Research Domain

Domain Overview

Literature survey, research gaps, problem statement, objectives, methodology and technologies powering Similarity.lk.

Literature Survey

Prior Work in Sinhala NLP & Plagiarism

Kasthuri, 2019 [1]

Word2Vec + Cosine Similarity for Sinhala News

Applied Word2Vec embeddings and cosine similarity on Sinhala news text for same-language similarity detection. Limited to monolingual Sinhala — cross-language cases were out of scope.

Nilaxan, 2021 [2]

Siamese LSTM for Sinhala–Tamil Sentence Similarity

Introduced a Siamese LSTM architecture for measuring sentence similarity between Sinhala and Tamil. Remained within same-script or closely related languages — English cross-language detection was not addressed.

Rajamanthri, 2021 [3]

Web Crawl + Jaccard Similarity in Sinhala

Used a web crawler to gather Sinhala content and applied Jaccard similarity for plagiarism detection. Effective at scale but limited to surface-level token matching within Sinhala only.

Wickramasinghe [4]

Bilingual Word Vectors for Sinhala–English

Constructed bilingual word vectors for the Sinhala–English language pair. Plagiarism detection was not evaluated — only embedding quality was assessed.

Feng et al. [5]

LaBSE: Language-Agnostic BERT Sentence Embeddings

Google's LaBSE model maps sentences from 109 languages into a shared embedding space. State-of-the-art on bilingual semantic textual similarity — the backbone of our cross-language component.

Research Gap

What Existing Systems Miss

Cross-language detectors universally ignore Sinhala. No public Sinhala–English plagiarism corpus exists. Existing Sinhala studies stay inside the language, missing translated copying.
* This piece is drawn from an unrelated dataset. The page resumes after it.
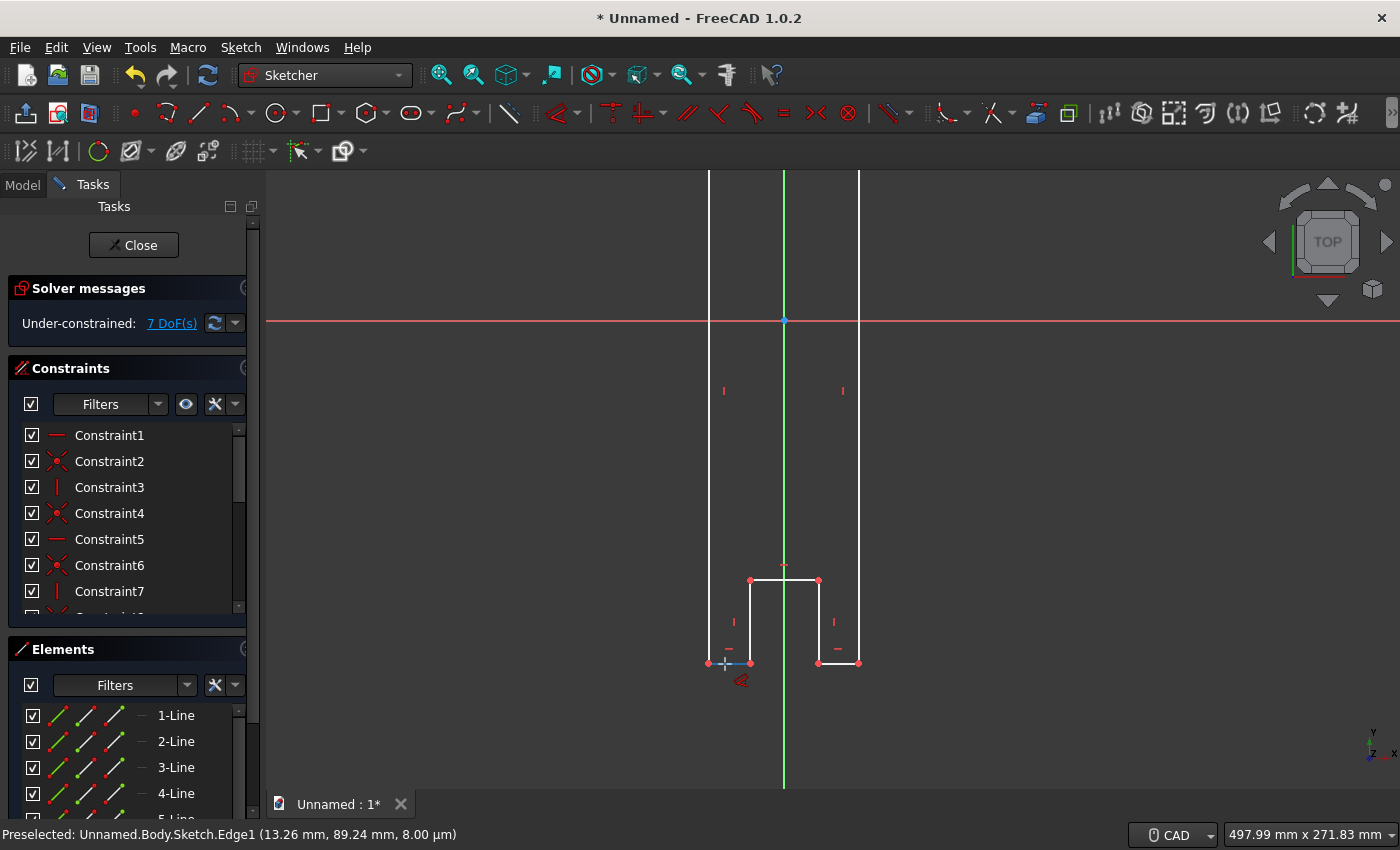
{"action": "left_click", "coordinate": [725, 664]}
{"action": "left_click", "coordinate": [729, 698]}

Feature	Proposed System	Kasthuri 2019	Nilaxan 2021	Rajamanthri 2021
Cross-language plagiarism handling	✓	✗	✗	✗
Bilingual sentence embeddings (LaBSE)	✓	✗	✗	✗
Contextual embeddings (mBERT)	✓	✗	✗	✗
Machine translation fallback	✓	✗	✗	✗
Handles deep paraphrase	✓	✗	✓	✗
Web-scale source crawl	✓	✗	✗	✓
Real-time API (<1s)	✓	✗	✗	✗
Public dataset release	✓	✗	✗	✗

Research Problem

Core Questions We Answer

Main Research Question

"Can a bilingual sentence encoder, supported by a modest parallel corpus, flag English sentences that appear in Sinhala after machine translation — with high accuracy and low response latency?"

Component 1 Problem

Sinhala Similarity Plagiarism

Standard engines like Turnitin do not support Sinhala script. Students copy, paraphrase and reorder Sinhala sentences to bypass manual checks. A contextual embedding model must handle Sinhala's complex morphology to catch deep paraphrases.

Component 2 Problem

English-to-Sinhala Semantic Plagiarism

Free machine translation makes it trivial to copy English academic sources and submit them in Sinhala. No existing system maps across both scripts. A cross-lingual embedding approach must detect semantic equivalence without surface-level matching.

Objectives

Research Goals

Main Objective

Deliver a real-time Sinhala plagiarism detection service

Achieve F1 > 0.88 for cross-language and precision/recall > 0.90 for monolingual detection, with API response under one second — deployed as an open-source Docker service.

Specific Objectives

Build and publicly release a parallel Sinhala–English corpus with 10,000+ aligned sentence pairs collected from gazettes and bilingual news sources.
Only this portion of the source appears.